*** Begin section ***

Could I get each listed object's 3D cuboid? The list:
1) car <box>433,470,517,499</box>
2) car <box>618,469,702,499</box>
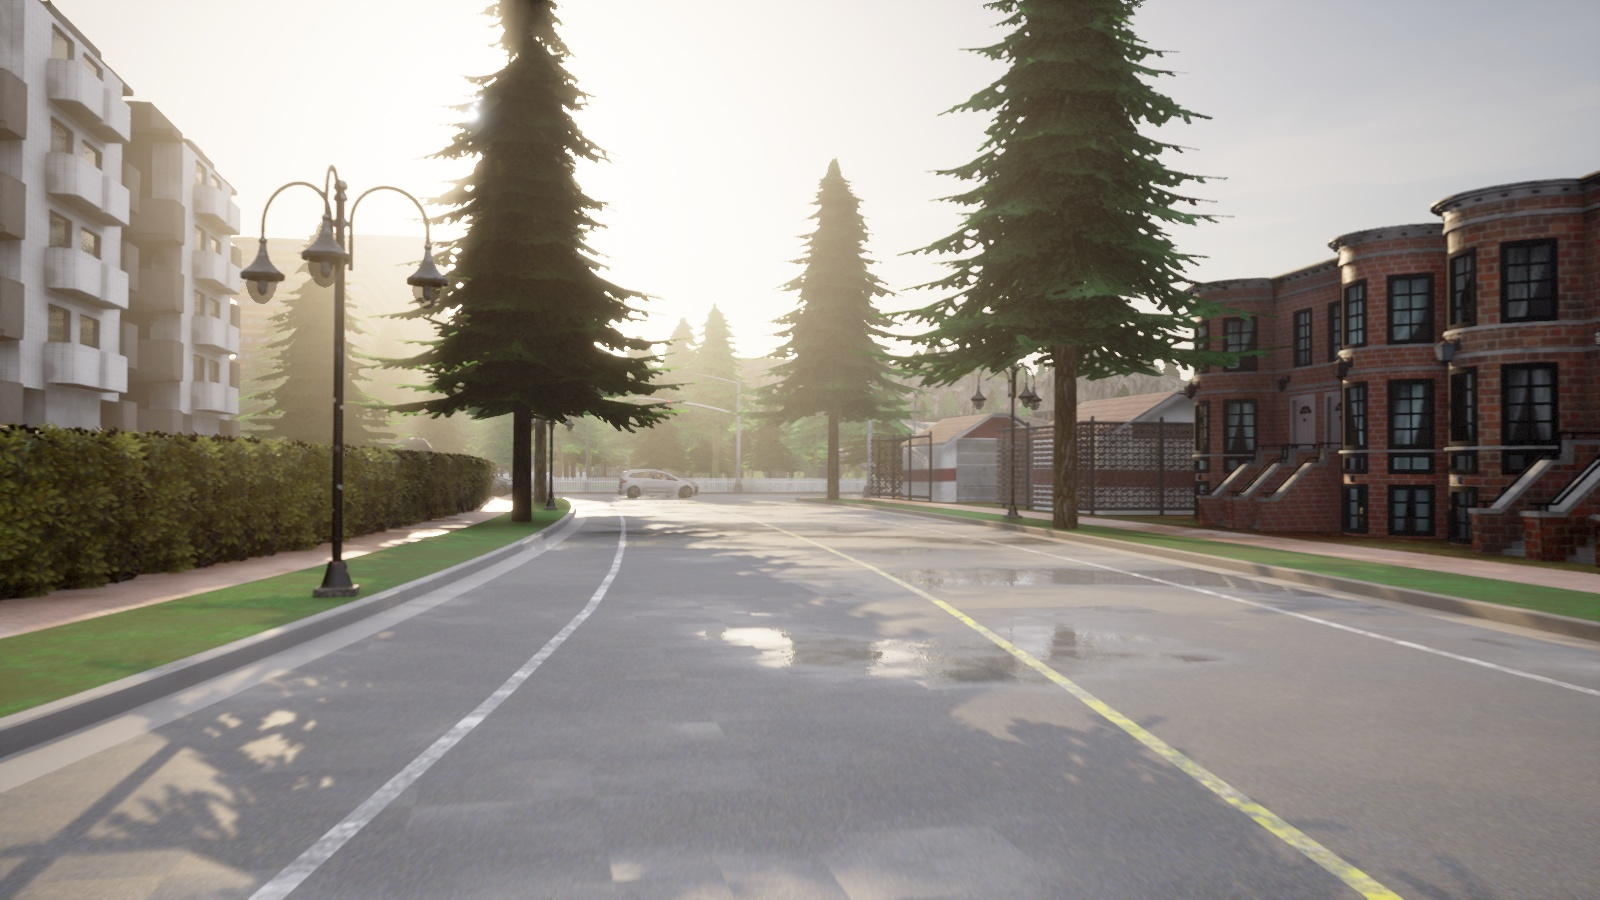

*** End section ***
*** Begin section ***

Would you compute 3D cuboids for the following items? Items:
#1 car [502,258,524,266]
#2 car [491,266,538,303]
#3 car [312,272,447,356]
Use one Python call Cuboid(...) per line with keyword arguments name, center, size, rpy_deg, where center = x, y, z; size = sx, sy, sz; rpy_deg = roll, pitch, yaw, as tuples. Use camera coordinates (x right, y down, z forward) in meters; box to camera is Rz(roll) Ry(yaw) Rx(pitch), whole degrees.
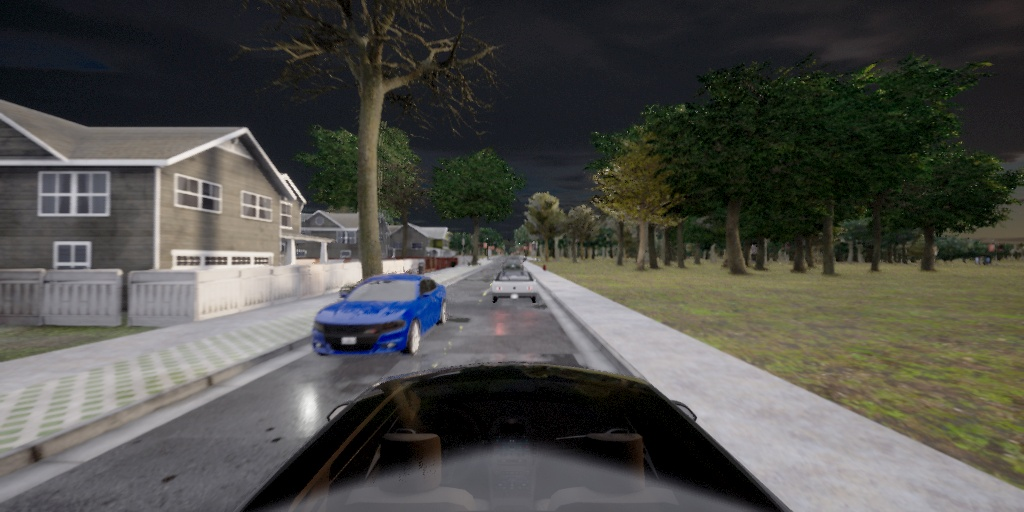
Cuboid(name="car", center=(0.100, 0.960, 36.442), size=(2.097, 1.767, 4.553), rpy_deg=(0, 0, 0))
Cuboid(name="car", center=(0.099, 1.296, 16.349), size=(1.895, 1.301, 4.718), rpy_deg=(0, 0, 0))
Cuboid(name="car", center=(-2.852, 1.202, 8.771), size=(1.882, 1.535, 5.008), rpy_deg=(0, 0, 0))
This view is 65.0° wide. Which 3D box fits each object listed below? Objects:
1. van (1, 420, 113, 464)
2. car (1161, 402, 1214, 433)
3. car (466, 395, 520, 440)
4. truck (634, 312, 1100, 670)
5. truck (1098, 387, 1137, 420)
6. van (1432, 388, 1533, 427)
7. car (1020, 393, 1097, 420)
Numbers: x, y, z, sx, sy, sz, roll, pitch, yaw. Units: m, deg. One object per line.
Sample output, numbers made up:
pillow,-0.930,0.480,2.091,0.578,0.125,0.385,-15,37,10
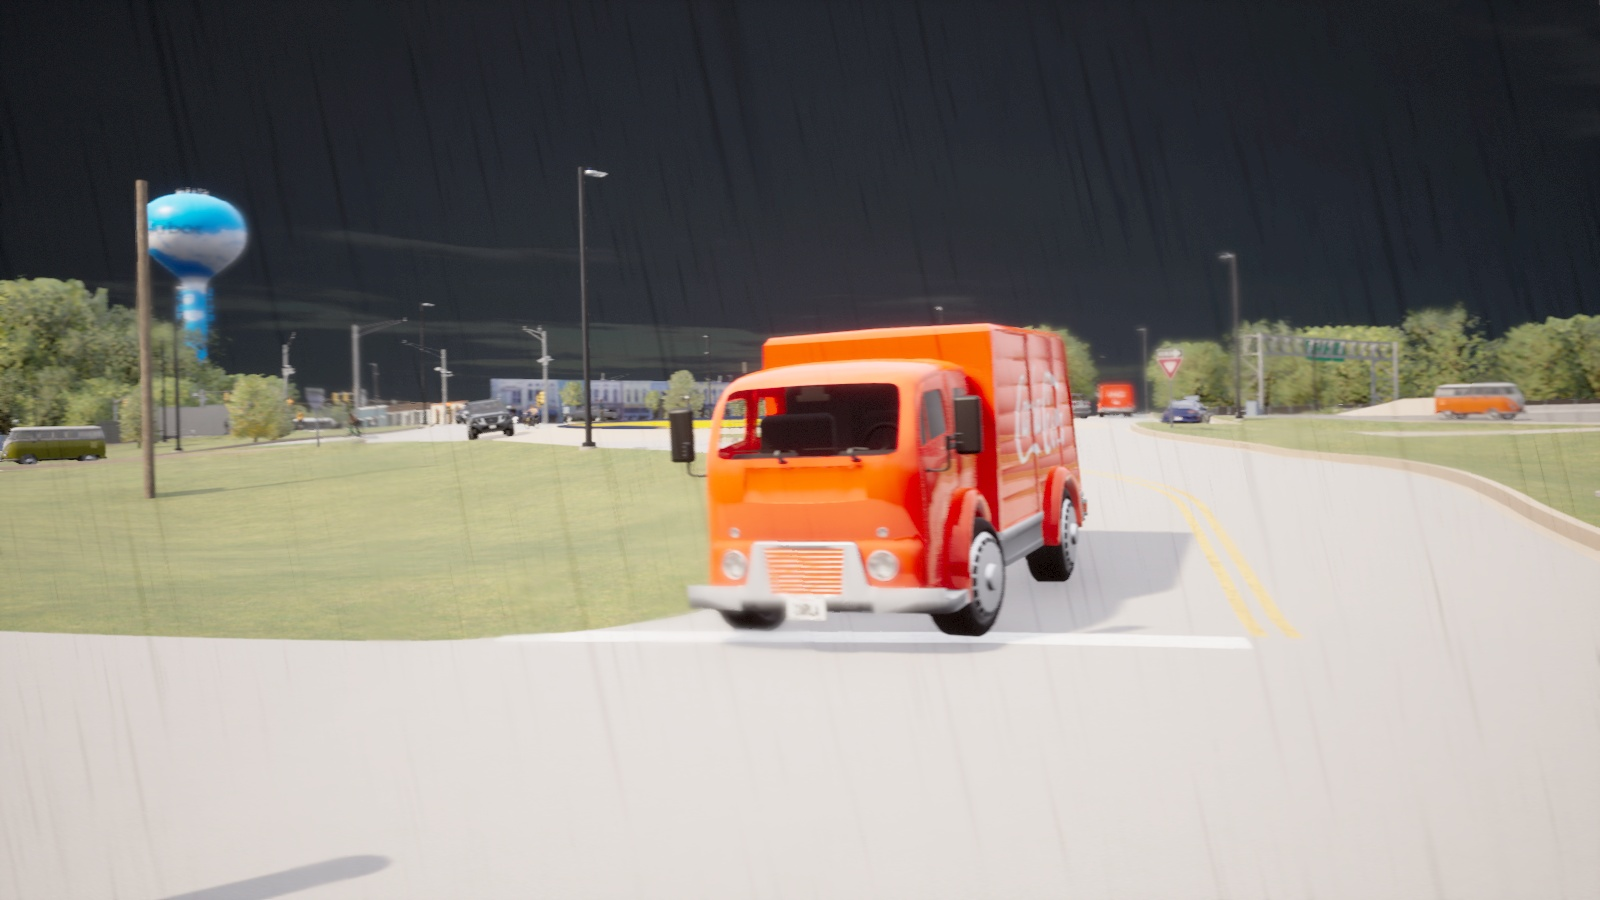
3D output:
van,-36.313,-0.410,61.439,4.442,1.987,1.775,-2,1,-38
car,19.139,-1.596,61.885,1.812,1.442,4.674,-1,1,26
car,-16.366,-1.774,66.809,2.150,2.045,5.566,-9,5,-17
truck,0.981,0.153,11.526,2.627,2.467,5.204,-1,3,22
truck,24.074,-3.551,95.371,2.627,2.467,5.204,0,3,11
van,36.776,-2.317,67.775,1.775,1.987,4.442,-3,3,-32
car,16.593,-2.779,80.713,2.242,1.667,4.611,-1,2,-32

*** End section ***
*** Begin section ***

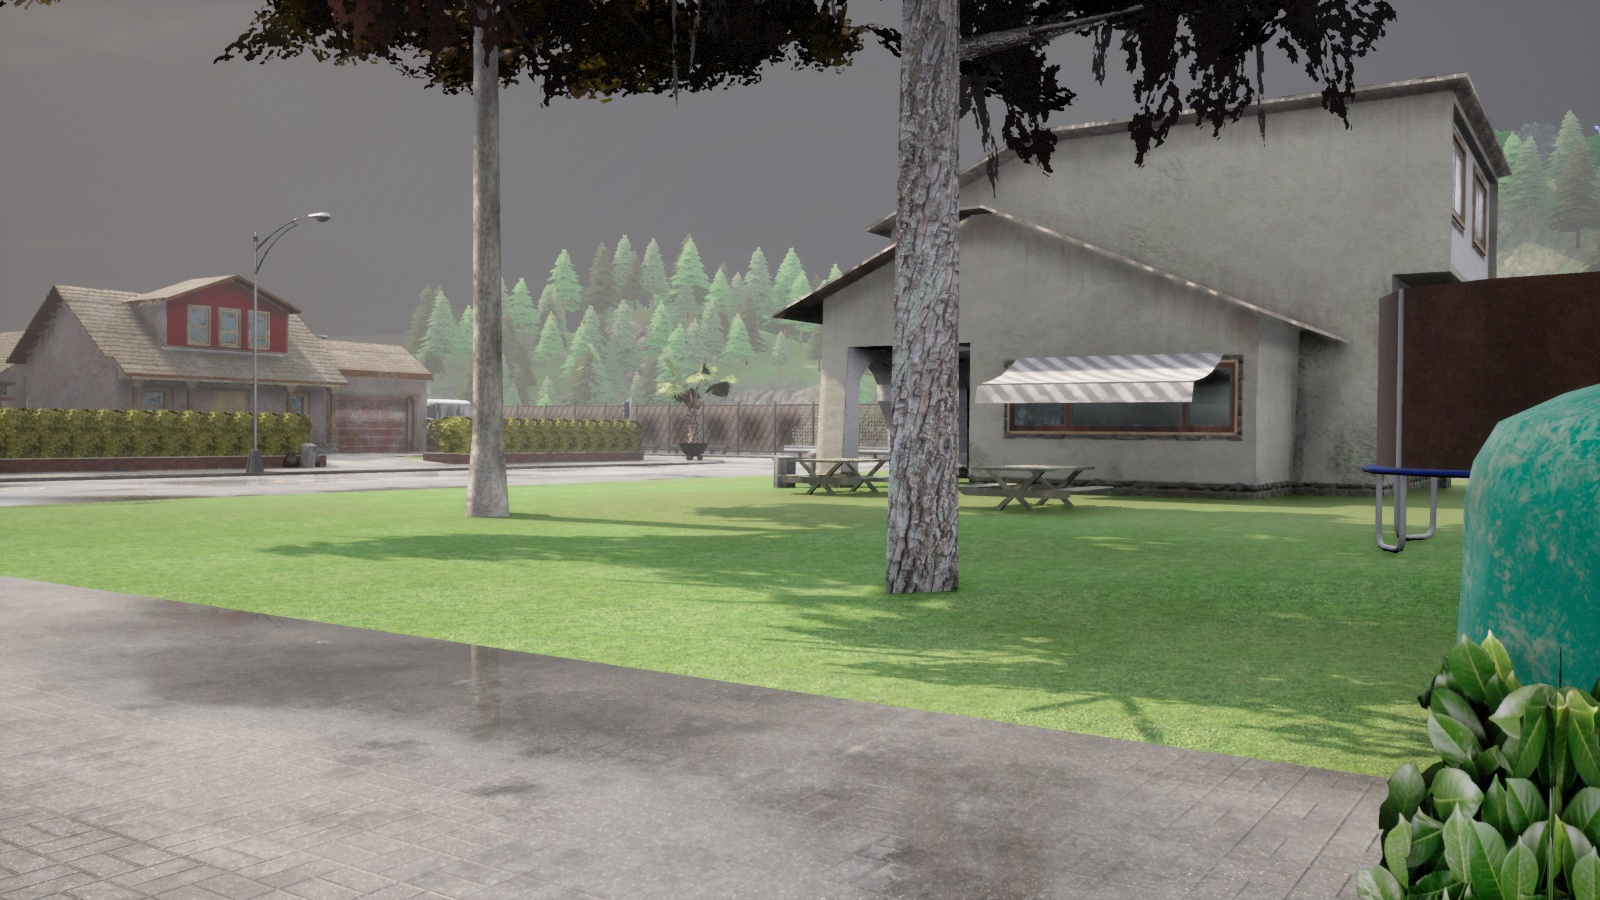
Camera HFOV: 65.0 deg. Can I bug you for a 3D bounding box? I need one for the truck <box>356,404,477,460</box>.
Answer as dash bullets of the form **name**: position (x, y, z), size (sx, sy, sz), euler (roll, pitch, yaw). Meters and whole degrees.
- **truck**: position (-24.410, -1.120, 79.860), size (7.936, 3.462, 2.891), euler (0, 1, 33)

*** End section ***

**TASK DETAILS**
Where the listing above reaches the line that contains "Could I get", start retyping, and finish with the line that contains "2) car <box>618,469,702,499</box>"; reproduce those lines exactly and no others.

**TASK SOLUTION**
Could I get each listed object's 3D cuboid? The list:
1) car <box>433,470,517,499</box>
2) car <box>618,469,702,499</box>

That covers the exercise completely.